*Task details:*
All records below are to be set down precisely as written, excluding pictures.

━━━━━ Record set ━━━━━

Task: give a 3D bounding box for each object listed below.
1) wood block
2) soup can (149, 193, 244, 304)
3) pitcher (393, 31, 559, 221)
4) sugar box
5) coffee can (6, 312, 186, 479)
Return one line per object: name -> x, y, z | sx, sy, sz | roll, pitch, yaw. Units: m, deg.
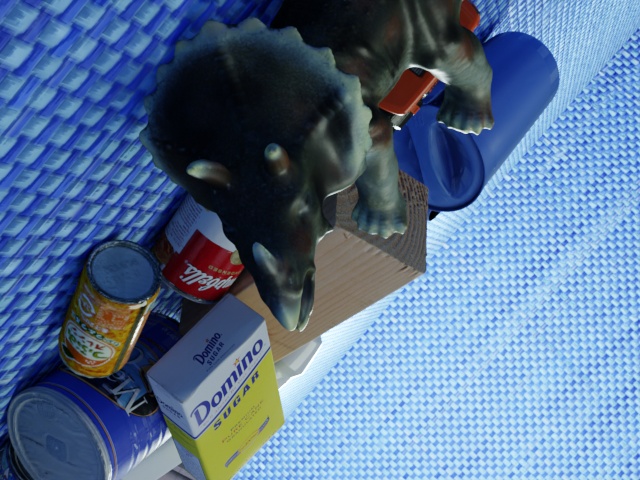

━━━━━

*Result below:*
Task: give a 3D bounding box for each object listed below.
1) wood block
2) soup can (149, 193, 244, 304)
3) pitcher (393, 31, 559, 221)
4) sugar box
5) coffee can (6, 312, 186, 479)
Return one line per object: name -> x, y, z | sx, sy, sz | roll, pitch, yaw. Units: m, deg.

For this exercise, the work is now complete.